[Supplied material Boundary: Start]
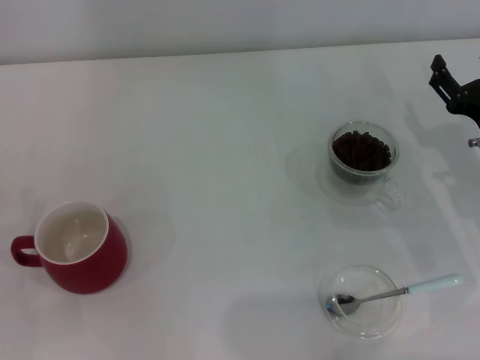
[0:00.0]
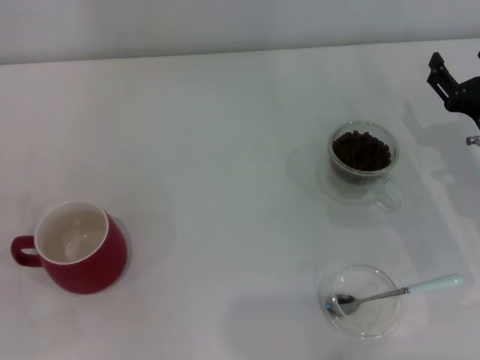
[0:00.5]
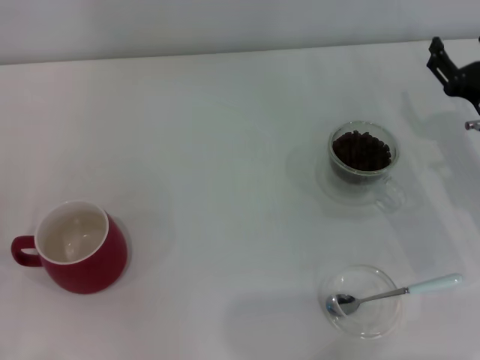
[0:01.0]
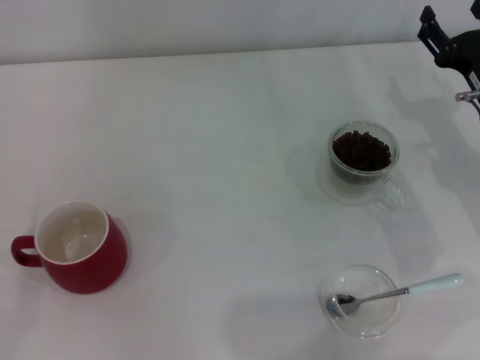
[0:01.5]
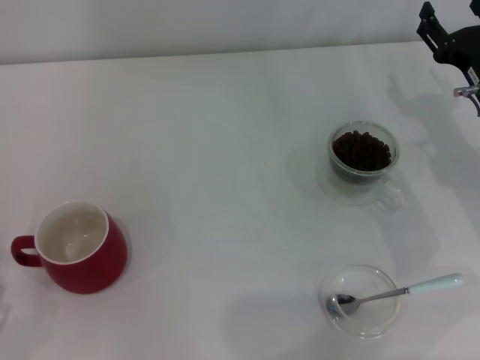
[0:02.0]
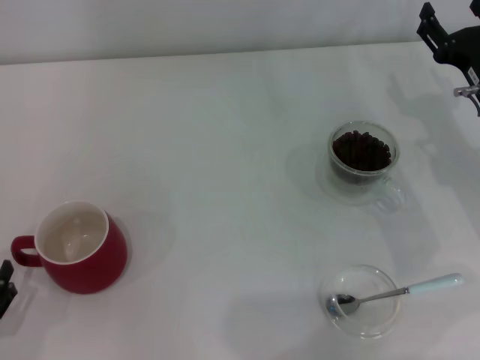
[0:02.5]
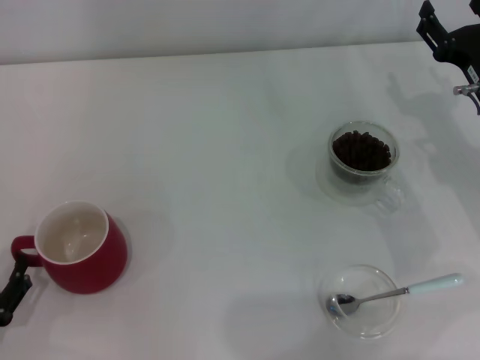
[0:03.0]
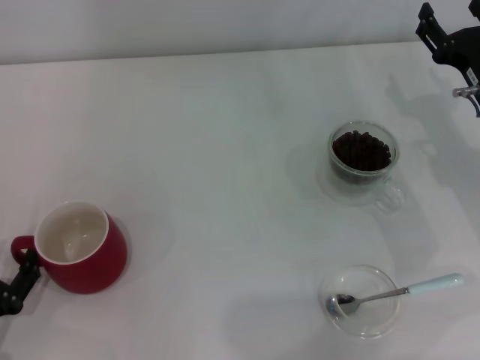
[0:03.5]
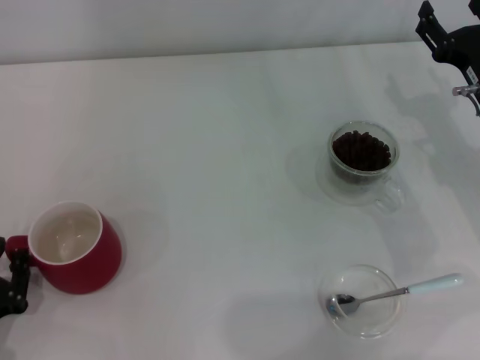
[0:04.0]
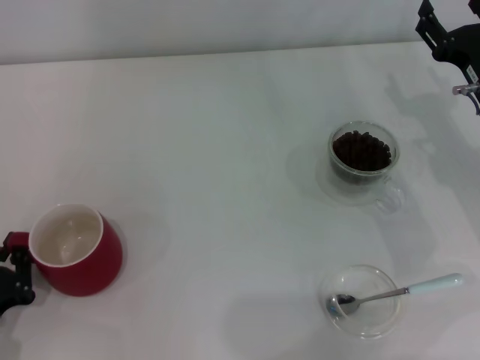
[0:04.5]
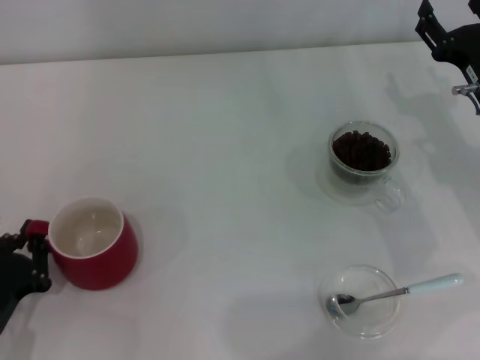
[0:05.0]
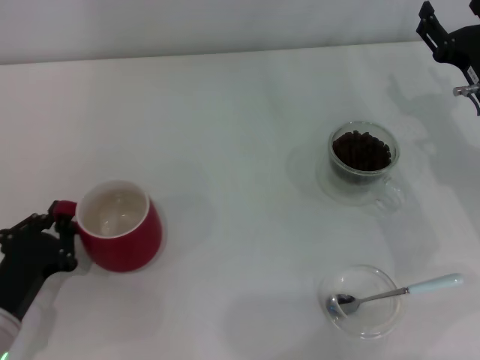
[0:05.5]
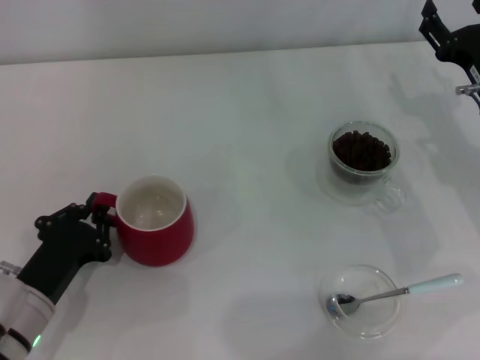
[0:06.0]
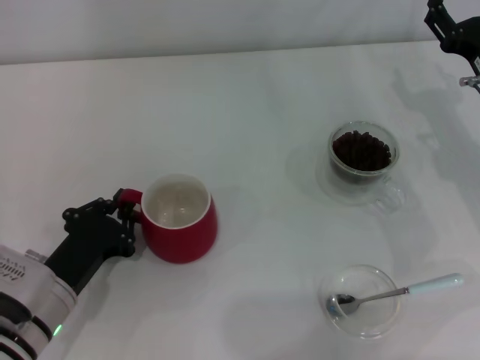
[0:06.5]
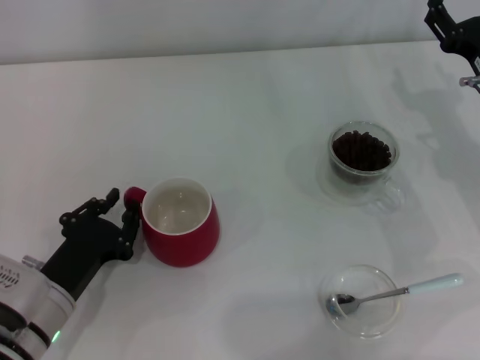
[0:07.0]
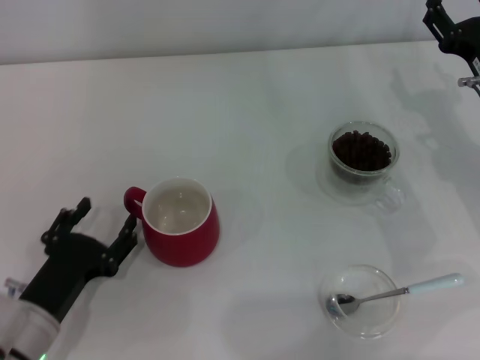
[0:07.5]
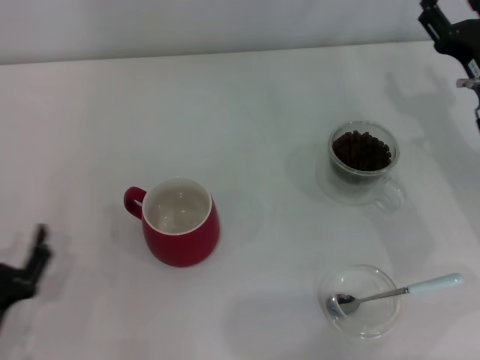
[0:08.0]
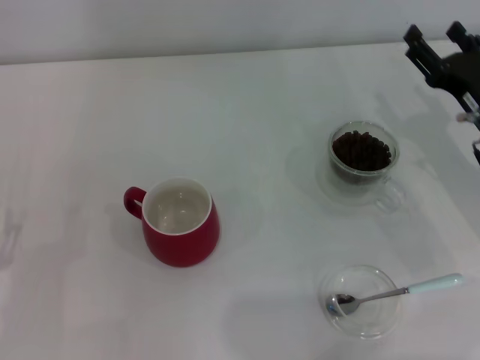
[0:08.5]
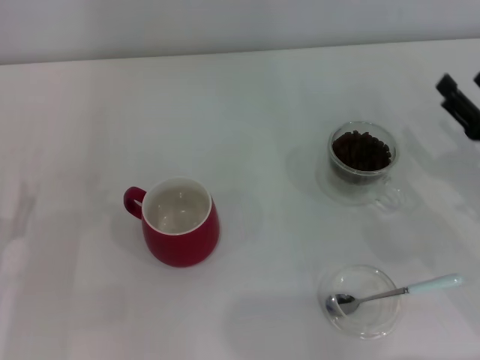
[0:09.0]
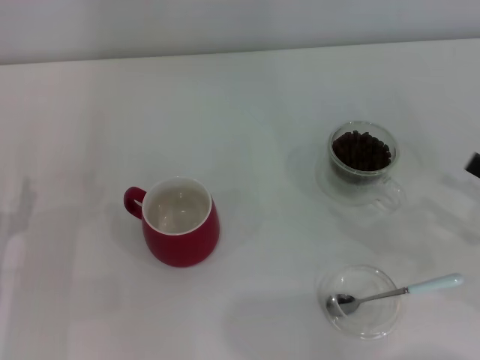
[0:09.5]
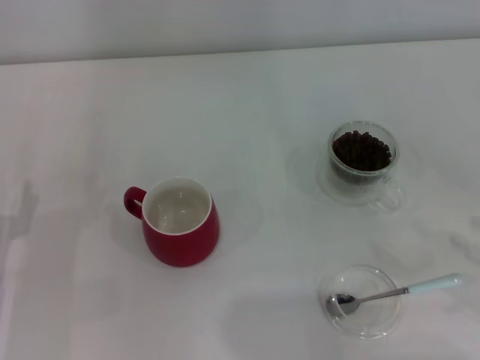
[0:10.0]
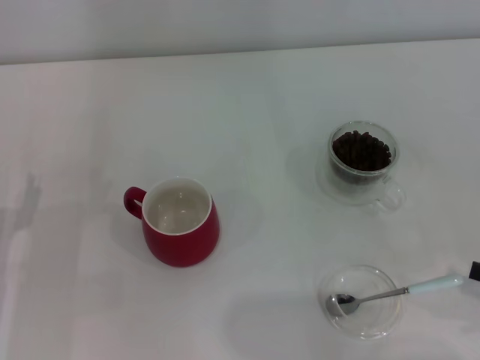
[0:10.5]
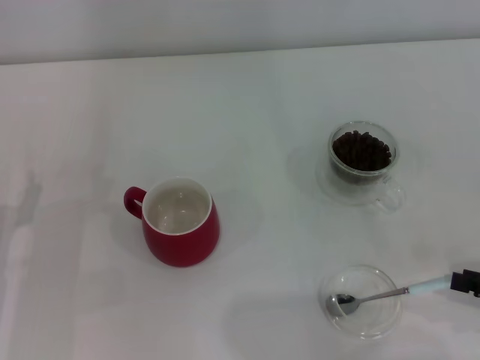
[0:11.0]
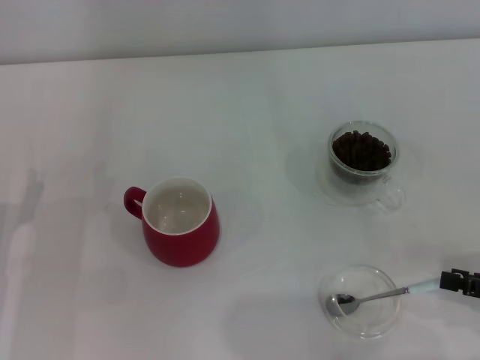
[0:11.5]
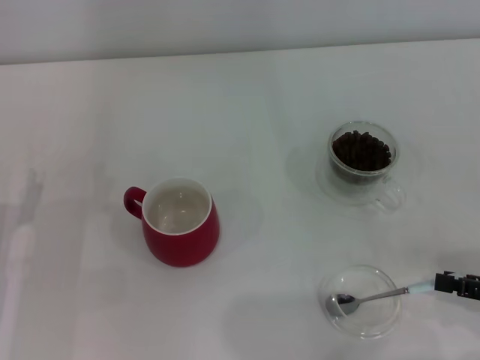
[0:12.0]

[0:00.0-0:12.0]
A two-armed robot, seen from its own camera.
Task of the whole recording: Use a blue spoon to take out the coffee beans from the glass and pour them into the red cup.
Step, 0:00.0 to 0:07.5: Move the cup to the center of view with the left gripper.
0:00.0 to 0:02.0: The right gripper moves roughly 5 cm.
0:02.0 to 0:04.0: The left gripper travels forward by about 5 cm, and closes.
0:04.0 to 0:06.0: The left gripper heads to the right and forward, covering approximately 10 cm, and closes.
0:06.0 to 0:08.0: The left gripper goes about 5 cm backward, and opens its fingers.
0:08.0 to 0:10.0: The right gripper heads backward and to the right, covering roughly 20 cm. Meanwhile the left gripper goes roughly 5 cm forward.
[Supplied material Boundary: End]
Task directions
Although the records above contain pictures, your copy should give only their text, exactly as written.

Written response
[0:00.0]
[0:00.5]
[0:01.0]
[0:01.5]
[0:02.0]
[0:02.5]
[0:03.0]
[0:03.5]
[0:04.0]
[0:04.5]
[0:05.0]
[0:05.5]
[0:06.0]
[0:06.5]
[0:07.0]
[0:07.5]
[0:08.0]
[0:08.5]
[0:09.0]
[0:09.5]
[0:10.0]
[0:10.5]
[0:11.0]
[0:11.5]
[0:12.0]

[0:00.0-0:12.0]
A two-armed robot, seen from its own camera.
Task of the whole recording: Use a blue spoon to take out the coffee beans from the glass and pour them into the red cup.
Step, 0:00.0 to 0:07.5: Move the cup to the center of view with the left gripper.
0:00.0 to 0:02.0: The right gripper moves roughly 5 cm.
0:02.0 to 0:04.0: The left gripper travels forward by about 5 cm, and closes.
0:04.0 to 0:06.0: The left gripper heads to the right and forward, covering approximately 10 cm, and closes.
0:06.0 to 0:08.0: The left gripper goes about 5 cm backward, and opens its fingers.
0:08.0 to 0:10.0: The right gripper heads backward and to the right, covering roughly 20 cm. Meanwhile the left gripper goes roughly 5 cm forward.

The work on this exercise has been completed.